Material for the task
·····
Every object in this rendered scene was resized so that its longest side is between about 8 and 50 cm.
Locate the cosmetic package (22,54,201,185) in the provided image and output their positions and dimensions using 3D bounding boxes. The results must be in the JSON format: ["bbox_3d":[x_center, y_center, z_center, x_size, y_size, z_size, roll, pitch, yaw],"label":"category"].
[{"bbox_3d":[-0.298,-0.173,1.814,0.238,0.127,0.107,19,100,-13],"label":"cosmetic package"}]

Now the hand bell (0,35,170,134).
·····
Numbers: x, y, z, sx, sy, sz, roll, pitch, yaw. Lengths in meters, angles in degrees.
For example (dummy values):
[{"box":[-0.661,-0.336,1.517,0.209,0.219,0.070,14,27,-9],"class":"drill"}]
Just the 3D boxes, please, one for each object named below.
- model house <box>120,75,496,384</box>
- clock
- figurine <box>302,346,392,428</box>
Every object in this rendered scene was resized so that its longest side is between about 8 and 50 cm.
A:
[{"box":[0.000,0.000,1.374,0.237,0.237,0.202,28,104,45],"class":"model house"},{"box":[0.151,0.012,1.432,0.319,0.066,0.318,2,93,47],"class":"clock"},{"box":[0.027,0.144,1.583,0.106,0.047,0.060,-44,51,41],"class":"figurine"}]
·····
Please return only the lines above, starting at the line that has "Locate the cosmetic" and ending at the line that has "Now the hand bell (0,35,170,134).", keeping both and leaving each one unchanged.

Locate the cosmetic package (22,54,201,185) in the provided image and output their positions and dimensions using 3D bounding boxes. The results must be in the JSON format: ["bbox_3d":[x_center, y_center, z_center, x_size, y_size, z_size, roll, pitch, yaw],"label":"category"].
[{"bbox_3d":[-0.298,-0.173,1.814,0.238,0.127,0.107,19,100,-13],"label":"cosmetic package"}]

Now the hand bell (0,35,170,134).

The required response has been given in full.